The complete public API:

Function / type Purpose
srgb_to_lab(srgb) Convert sRGB triple → CIE L*a*b* D50
lab_to_srgb(lab) Inverse with sRGB gamut clipping
delta_e_2000(lab1, lab2, kL=1, kC=1, kH=1) DE2000 perceptual difference
extract_patch_values(image, coords) Sample mean Lab per PatchCoord
assert_color_accuracy(measured, reference, ...) Mean/max DE vs reference
assert_tonal_response(measured_L, reference_L, ...) Linear regression R²
assert_exposure_shift(baseline, shifted, direction, min_magnitude) Direction-of-change for L*
assert_wb_shift(baseline, shifted, axis, direction, min_magnitude) Direction-of-change for a*/b*
PatchCoord(x, y, w, h) Rectangular patch sample region
ColorAccuracyResult / TonalResponseResult Frozen result dataclasses

Per-file ruff ignores added for chemigram.core.assertions.py and its tests (N802/N803/N806): CIE notation uses uppercase L/C/T/S/G/R/RT for specific channels and component letters. Renaming would obscure the Sharma algorithm.

Rationale

  • DE2000 over CIE76: industry standard for perceptual difference. CIE76 is simpler but doesn't account for hue/chroma sensitivity asymmetry. Implementation cost is ~80 lines either way; the additional complexity of DE2000 is well worth the perceptual fidelity.
  • Hand-rolled, no numpy: the project's existing pixel work uses Pillow only. colour-science brings ~50 MB of transitive deps and numpy. The hot path doesn't need vectorized operations (24 patches per assertion). Hand-rolled DE2000 is ~80 lines, validated against published reference pairs.
  • Pure-Python conversion math: same reasoning. 30 lines, no surprises.
  • Skip-list API for out-of-gamut: synthetic CC24 has Cyan #18 outside sRGB gamut; the JSON ground truth's out_of_gamut_indices field flags it; the assertion API takes that flag as skip_indices. Cleaner than special-casing in the assertion logic.
  • Frozen dataclasses for results: per the project's style elsewhere (ToolResult, MaskEntry, etc.).

Alternatives considered

  • colour-science package. Industry-standard, well-tested, complete. Rejected: dependency surface (numpy + ~50 MB transitive); the project's existing pixel work is Pillow-only; the hot path doesn't need it.
  • CIE76 (simpler Delta E). Rejected: less perceptually accurate; not used by Imatest, DxOMark, or any modern colour-accuracy workflow.
  • Custom assertion API (separate from ColorAccuracyResult). Considered exposing raw Delta E lists. Rejected: the result type carries thresholds + per-patch breakdown, which makes failure messages much better.
  • Migrate the test-tier pixel_stats helpers (highlight_clip_pct etc.) into this module. Considered. Some helpers (saturation_avg, b*-axis-shift via warmth_ratio) overlap with the new public API. Decision: leave the test-tier helpers in tests/e2e/conftest.py for now — they work, and refactoring without active use is risky. Future work can promote them with deprecation aliases.

Consequences

Positive: - Public, documented, importable assertion API for any future test or downstream tool. - 27 unit tests + 6 integration tests provide a working regression surface (commit e2d4725). - The DE2000 implementation is validated against a published reference pair — high confidence in correctness. - Zero new third-party dependencies.

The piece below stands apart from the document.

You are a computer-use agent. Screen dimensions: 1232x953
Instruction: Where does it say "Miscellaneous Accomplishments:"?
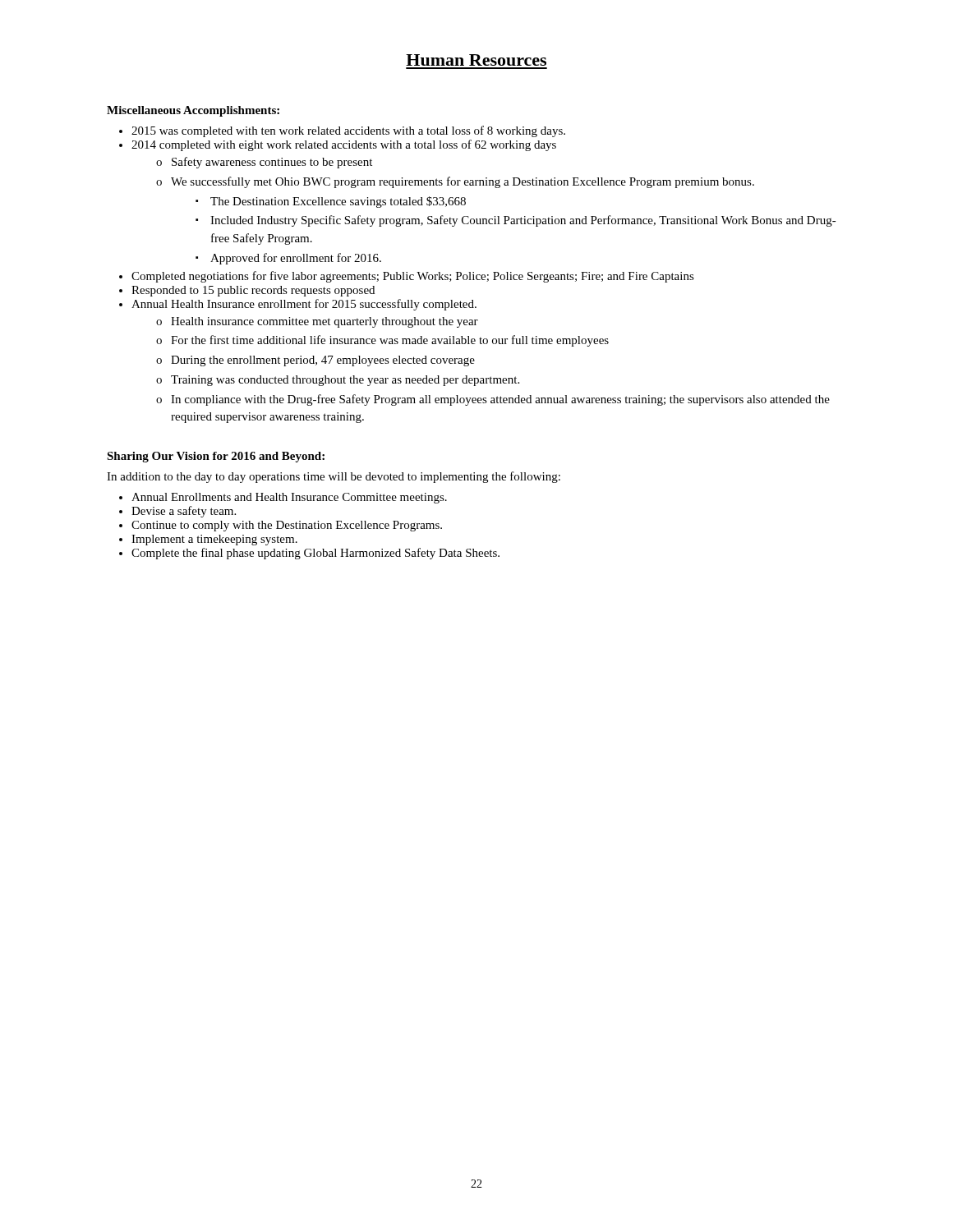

Negative: - Hand-rolled colour math is more code to maintain than a colour-science import. Mitigated by extensive references in module docstring (Lindbloom, Sharma) and the validation test against the published pair. - No vectorized path for whole-image comparison. v1.2.0 doesn't need it; future work can wrap the hot loop in numpy or swap in colour-science behind the same module's interface.

Implementation notes

  • src/chemigram/core/assertions.py — the module (commit e2d4725).
  • tests/unit/core/test_assertions.py — 27 unit tests including the Sharma DE2000 validation pair.
  • tests/integration/test_reference_synthetic.py — 6 integration tests against the synthetic fixtures.
  • Per-file ruff ignores in pyproject.toml [tool.ruff.lint.per-file-ignores].
  • The _band_mean helper duplicates the one in tests/e2e/conftest.py. Acceptable: lower coupling between test-tier helpers and the public API; the function is 5 lines.